Brief:
Look through the data below. Pick out the lines holding the string "Horizontal".

Material for the task:
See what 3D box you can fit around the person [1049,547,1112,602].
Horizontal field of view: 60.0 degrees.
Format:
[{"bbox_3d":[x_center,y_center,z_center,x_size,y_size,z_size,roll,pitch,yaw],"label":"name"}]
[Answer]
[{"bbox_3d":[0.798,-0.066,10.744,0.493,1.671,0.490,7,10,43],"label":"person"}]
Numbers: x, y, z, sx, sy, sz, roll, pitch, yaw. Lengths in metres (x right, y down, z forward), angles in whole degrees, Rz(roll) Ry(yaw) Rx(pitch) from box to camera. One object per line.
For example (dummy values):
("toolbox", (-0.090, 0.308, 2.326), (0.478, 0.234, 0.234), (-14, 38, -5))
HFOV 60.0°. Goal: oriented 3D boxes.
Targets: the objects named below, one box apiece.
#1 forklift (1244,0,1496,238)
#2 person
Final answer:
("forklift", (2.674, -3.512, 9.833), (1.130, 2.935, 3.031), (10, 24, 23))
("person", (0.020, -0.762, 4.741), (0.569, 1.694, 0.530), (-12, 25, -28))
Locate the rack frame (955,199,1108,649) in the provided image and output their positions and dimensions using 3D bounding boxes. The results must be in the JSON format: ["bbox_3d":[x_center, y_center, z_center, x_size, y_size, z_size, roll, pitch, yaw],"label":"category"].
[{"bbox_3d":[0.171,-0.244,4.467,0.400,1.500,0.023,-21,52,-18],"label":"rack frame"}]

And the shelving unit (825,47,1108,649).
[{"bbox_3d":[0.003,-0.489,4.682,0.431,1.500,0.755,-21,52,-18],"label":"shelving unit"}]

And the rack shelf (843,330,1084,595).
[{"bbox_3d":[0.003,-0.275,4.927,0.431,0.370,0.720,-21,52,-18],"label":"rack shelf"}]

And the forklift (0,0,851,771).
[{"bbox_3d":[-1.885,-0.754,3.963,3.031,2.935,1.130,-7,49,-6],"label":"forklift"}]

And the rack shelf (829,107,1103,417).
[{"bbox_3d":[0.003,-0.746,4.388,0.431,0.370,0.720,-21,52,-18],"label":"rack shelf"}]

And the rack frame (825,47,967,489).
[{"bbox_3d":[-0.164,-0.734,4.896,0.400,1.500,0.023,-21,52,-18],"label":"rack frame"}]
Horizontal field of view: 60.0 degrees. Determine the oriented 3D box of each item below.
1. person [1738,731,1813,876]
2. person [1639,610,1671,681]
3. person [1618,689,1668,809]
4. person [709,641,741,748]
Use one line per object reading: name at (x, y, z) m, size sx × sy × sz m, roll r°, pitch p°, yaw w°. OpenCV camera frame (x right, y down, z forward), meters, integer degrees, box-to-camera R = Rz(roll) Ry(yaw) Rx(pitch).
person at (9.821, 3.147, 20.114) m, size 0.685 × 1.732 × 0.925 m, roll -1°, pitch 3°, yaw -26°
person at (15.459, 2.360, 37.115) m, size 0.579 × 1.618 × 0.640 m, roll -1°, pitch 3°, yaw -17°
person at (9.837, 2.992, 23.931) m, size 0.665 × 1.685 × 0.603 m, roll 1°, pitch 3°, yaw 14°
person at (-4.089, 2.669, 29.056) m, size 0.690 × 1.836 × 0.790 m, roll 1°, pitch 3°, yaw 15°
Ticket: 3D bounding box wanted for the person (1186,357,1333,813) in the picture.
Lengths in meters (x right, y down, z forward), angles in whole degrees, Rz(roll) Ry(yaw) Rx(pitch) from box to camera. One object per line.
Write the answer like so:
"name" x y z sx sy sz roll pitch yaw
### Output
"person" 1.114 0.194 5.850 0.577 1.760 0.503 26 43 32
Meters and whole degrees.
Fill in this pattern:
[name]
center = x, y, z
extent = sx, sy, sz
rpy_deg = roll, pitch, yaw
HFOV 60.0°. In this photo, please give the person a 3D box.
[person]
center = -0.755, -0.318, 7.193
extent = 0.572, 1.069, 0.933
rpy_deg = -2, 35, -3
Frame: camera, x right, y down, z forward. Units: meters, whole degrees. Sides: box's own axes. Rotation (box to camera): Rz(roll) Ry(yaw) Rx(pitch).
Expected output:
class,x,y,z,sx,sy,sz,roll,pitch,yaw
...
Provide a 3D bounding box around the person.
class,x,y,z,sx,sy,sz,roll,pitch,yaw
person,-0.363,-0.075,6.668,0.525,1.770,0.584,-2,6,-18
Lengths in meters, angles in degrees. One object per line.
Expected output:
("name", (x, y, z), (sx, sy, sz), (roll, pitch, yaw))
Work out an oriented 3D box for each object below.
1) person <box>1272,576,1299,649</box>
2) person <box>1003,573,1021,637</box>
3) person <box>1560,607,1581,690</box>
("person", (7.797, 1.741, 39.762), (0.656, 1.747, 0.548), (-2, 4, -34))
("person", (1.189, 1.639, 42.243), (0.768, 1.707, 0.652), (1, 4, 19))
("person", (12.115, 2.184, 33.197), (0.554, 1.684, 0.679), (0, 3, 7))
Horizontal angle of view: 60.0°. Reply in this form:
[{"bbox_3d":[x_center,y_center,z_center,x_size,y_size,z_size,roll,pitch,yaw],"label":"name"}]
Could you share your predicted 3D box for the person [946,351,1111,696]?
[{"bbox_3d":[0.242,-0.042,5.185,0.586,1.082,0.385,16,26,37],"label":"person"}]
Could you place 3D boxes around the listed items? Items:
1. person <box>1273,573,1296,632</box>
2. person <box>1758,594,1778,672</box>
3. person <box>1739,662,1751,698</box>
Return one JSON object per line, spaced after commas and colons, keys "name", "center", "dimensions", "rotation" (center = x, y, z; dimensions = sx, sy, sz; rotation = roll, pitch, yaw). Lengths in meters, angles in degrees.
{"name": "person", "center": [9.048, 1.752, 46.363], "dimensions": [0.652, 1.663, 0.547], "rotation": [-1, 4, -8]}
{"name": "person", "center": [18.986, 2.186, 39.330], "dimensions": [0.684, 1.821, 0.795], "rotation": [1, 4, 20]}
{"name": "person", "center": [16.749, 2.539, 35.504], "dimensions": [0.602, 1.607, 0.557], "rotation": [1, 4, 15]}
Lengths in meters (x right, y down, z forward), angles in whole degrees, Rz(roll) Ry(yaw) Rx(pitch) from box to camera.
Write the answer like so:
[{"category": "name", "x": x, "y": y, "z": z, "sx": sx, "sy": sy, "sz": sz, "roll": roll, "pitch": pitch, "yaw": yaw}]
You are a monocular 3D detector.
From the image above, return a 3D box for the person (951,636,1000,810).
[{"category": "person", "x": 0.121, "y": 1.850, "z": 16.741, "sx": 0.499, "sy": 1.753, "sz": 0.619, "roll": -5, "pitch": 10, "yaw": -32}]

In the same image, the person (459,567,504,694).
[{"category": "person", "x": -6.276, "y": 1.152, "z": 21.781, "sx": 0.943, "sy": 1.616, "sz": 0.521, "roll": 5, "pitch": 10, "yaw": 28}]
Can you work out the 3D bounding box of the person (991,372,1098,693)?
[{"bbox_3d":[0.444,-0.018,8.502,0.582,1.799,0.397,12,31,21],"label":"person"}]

Solution to this task:
Horizontal field of view: 60.0 degrees.
Horizontal field of view: 60.0 degrees. Determine the oriented 3D box of each item below.
Horizontal angle of view: 60.0°. Reply in this form:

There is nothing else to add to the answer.